Hak Anda di Bawah UU PDP 27/2022 Indonesia (Panduan Hukum 2026) — Aturan & Persyaratan

Last verified:

Sumber: UU No. 27 Tahun 2022 tentang Pelindungan Data Pribadi (UU PDP) — berlaku efektif 17 Oktober 2024; Kementerian Komunikasi dan Digital (Komdigi) — penegak interim sampai Lembaga PDP terbentuk.

About this article

Ditinjau oleh Tim Redaksi Commoner Law. Sumber: peraturan.bpk.go.id, JDIH Kementerian Ketenagakerjaan, Mahkamah Agung, OJK, Kementerian Kesehatan, Imigrasi, dan BP2MI. Variasi provinsi mengacu pada Qanun Aceh, UU Otsus Papua, UU Keistimewaan DIY, dan Pergub DKI Jakarta. Ditulis dalam bahasa yang mudah dipahami untuk pemahaman umum — ini adalah konten edukatif, bukan nasihat hukum. Standar editorial kami

Hukum Nasional Indonesia

Apa hak ini?

UU PDP UU No. 27 Tahun 2022 mulai berlaku efektif 17 Oktober 2024 setelah masa transisi dua tahun dari penetapan 17 Oktober 2022. UU ini memberi hak subjek data terhadap pengendali (controller) dan pemroses (processor) data pribadi yang beroperasi di Indonesia atau memproses data pribadi orang Indonesia.

Hak utama subjek data di bawah UU PDP meliputi: (1) hak mendapat informasi tentang kejelasan identitas pengendali, dasar kepentingan hukum, tujuan penggunaan, dan akuntabilitas pengendali; (2) hak melengkapi, memperbarui, dan/atau memperbaiki kesalahan data; (3) hak mengakses dan mendapatkan salinan data pribadi sesuai peraturan perundangan; (4) hak mengakhiri pemrosesan, menghapus, dan/atau memusnahkan data pribadi; (5) hak menarik kembali persetujuan pemrosesan; (6) hak mengajukan keberatan atas pengambilan keputusan berdasarkan pemrosesan otomatis; (7) hak menunda atau membatasi pemrosesan; (8) hak menggugat dan menerima ganti rugi; (9) hak mendapatkan dan menggunakan data pribadi miliknya dalam bentuk yang sesuai (portabilitas).

UU PDP membedakan data pribadi umum (nama, alamat, status, agama, nomor telepon) dan data pribadi spesifik / sensitif (data kesehatan, biometrik, genetik, catatan kriminal, anak, data keuangan pribadi, dan data lain yang ditentukan peraturan perundangan).

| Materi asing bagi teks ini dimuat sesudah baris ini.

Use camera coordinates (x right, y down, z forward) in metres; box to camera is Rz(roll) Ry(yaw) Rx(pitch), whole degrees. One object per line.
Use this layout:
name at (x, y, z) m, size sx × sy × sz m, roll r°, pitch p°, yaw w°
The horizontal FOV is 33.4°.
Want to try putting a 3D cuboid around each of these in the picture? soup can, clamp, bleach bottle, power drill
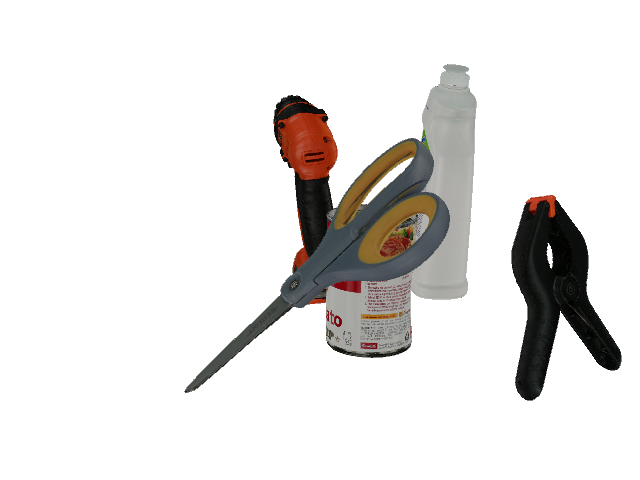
soup can at (0.038, 0.029, 0.805) m, size 0.068 × 0.102 × 0.068 m, roll 1°, pitch 15°, yaw 0°
clamp at (0.195, 0.051, 0.911) m, size 0.120 × 0.171 × 0.039 m, roll -23°, pitch 6°, yaw -39°
bleach bottle at (0.138, -0.067, 1.185) m, size 0.068 × 0.251 × 0.102 m, roll 0°, pitch 25°, yaw -11°
power drill at (-0.012, -0.044, 1.067) m, size 0.057 × 0.188 × 0.184 m, roll -10°, pitch 21°, yaw -3°

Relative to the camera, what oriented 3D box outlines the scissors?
scissors at (0.001, 0.029, 0.596) m, size 0.016 × 0.202 × 0.096 m, roll 37°, pitch 4°, yaw -33°
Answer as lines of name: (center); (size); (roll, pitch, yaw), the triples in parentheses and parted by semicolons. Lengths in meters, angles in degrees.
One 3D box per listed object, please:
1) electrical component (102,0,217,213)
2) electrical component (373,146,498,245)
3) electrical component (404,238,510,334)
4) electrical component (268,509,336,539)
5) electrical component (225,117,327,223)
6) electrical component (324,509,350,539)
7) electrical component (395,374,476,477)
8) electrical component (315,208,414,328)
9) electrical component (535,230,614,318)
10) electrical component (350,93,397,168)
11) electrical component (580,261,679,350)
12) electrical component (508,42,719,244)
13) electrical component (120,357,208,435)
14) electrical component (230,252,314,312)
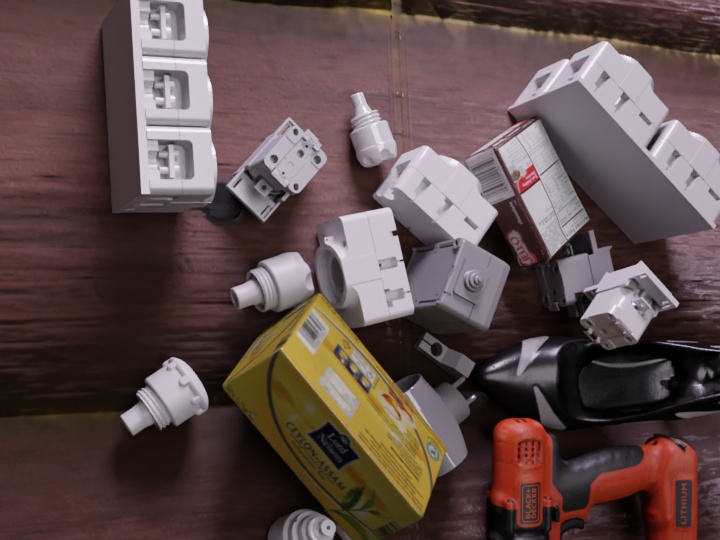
electrical component: (-0.148, -0.122, 0.800); (0.062, 0.089, 0.150); (-2, 85, -26)
electrical component: (0.067, -0.059, 0.921); (0.089, 0.050, 0.055); (41, 69, -16)
electrical component: (0.081, 0.016, 0.893); (0.061, 0.096, 0.061); (29, 73, -22)
electrical component: (-0.041, 0.203, 0.825); (0.040, 0.078, 0.040); (11, 65, -25)
electrical component: (-0.062, -0.082, 0.853); (0.042, 0.064, 0.081); (44, 68, -14)
electrical component: (-0.012, 0.193, 0.862); (0.035, 0.035, 0.061); (-45, 101, -23)
electrical component: (0.065, 0.120, 0.903); (0.079, 0.043, 0.077); (-36, 100, -25)
electrical component: (0.000, 0.000, 0.881); (0.056, 0.050, 0.089); (-13, 90, -28)
electrical component: (0.197, 0.008, 0.982); (0.064, 0.042, 0.081); (-12, 89, -25)
electrical component: (0.007, -0.119, 0.908); (0.035, 0.035, 0.061); (-20, 91, -27)
electrical component: (0.226, 0.033, 0.921); (0.042, 0.081, 0.063); (44, 61, -11)
electrical component: (0.241, -0.114, 0.982); (0.186, 0.105, 0.060); (43, 68, -16)
electrical component: (-0.148, 0.099, 0.801); (0.062, 0.048, 0.048); (-34, 99, -18)
electrical component: (-0.071, 0.013, 0.848); (0.062, 0.043, 0.043); (-20, 93, -26)
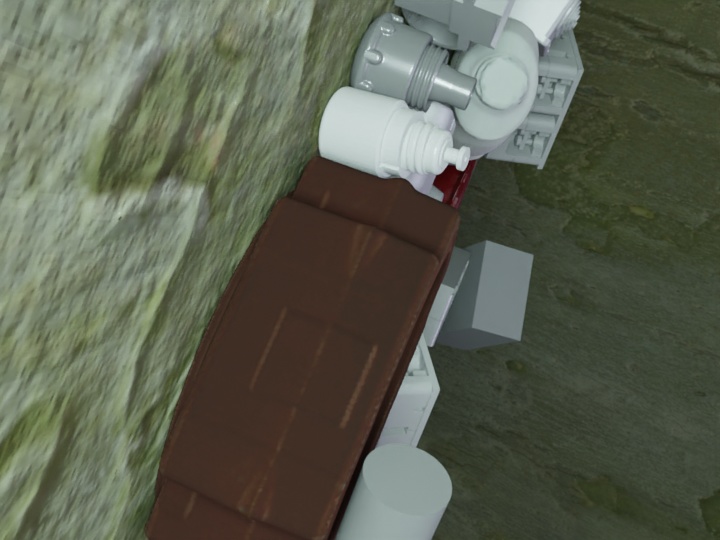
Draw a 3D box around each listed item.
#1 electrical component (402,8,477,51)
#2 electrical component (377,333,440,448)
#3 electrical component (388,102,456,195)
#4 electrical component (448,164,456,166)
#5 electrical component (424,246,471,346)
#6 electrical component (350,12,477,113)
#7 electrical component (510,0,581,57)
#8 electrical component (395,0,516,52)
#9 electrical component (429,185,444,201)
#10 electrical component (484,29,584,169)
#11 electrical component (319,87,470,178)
[{"bbox_3d":[0.056,-0.162,0.628,0.047,0.055,0.055,-62,173,-19],"label":"electrical component"},{"bbox_3d":[-0.008,0.100,0.761,0.186,0.060,0.105,106,-23,-44],"label":"electrical component"},{"bbox_3d":[0.020,-0.071,0.628,0.095,0.054,0.059,-12,124,-83],"label":"electrical component"},{"bbox_3d":[0.067,-0.116,0.894,0.048,0.055,0.066,-26,138,-82],"label":"electrical component"},{"bbox_3d":[0.039,0.011,0.941,0.150,0.089,0.061,-48,159,-74],"label":"electrical component"},{"bbox_3d":[0.029,-0.101,0.555,0.048,0.062,0.048,22,90,-84],"label":"electrical component"},{"bbox_3d":[0.110,-0.199,0.765,0.048,0.100,0.100,-56,176,10],"label":"electrical component"},{"bbox_3d":[0.066,-0.188,0.565,0.078,0.063,0.121,79,34,-80],"label":"electrical component"},{"bbox_3d":[0.029,-0.047,0.795,0.066,0.055,0.048,-57,168,-61],"label":"electrical component"},{"bbox_3d":[0.135,-0.193,0.943,0.105,0.060,0.186,106,-13,-45],"label":"electrical component"},{"bbox_3d":[0.016,-0.064,0.533,0.040,0.078,0.040,-52,151,-44],"label":"electrical component"}]

Pemrosesan data sensitif menuntut perlindungan yang lebih ketat.

Catatan kunci: Lembaga PDP yang mandiri belum operasional sampai 2026-05. Selama interim ini, Kementerian Komunikasi dan Digital (Komdigi, dulu Kominfo) yang menangani penegakan UU PDP. Sanksi administratif yang dapat dikenakan: peringatan tertulis, penghentian sementara kegiatan pemrosesan, penghapusan / pemusnahan data, dan denda administratif sampai 2% dari pendapatan tahunan pengendali. Untuk perbuatan dilarang (pengumpulan tidak sah, pengungkapan tidak sah, pemalsuan), ada sanksi pidana penjara dan denda.

Kapan berlaku?

  • Perusahaan / platform Indonesia atau yang memproses data pribadi orang Indonesia menyimpan data Anda dan menolak memperlihatkan, memperbaiki, atau menghapus.
  • Anda menarik persetujuan untuk pemasaran / cookie / tracking tetapi data Anda tetap diproses.
  • Anda jadi korban kebocoran data (data breach) — perusahaan tidak memberi tahu Anda atau Komdigi dalam jangka waktu yang wajar.
  • Anda dirugikan oleh keputusan otomatis (penolakan kredit, profiling iklan) tanpa kesempatan keberatan.
  • Mantan majikan, sekolah, atau perusahaan menolak menghapus data padahal sudah tidak ada dasar hukumnya.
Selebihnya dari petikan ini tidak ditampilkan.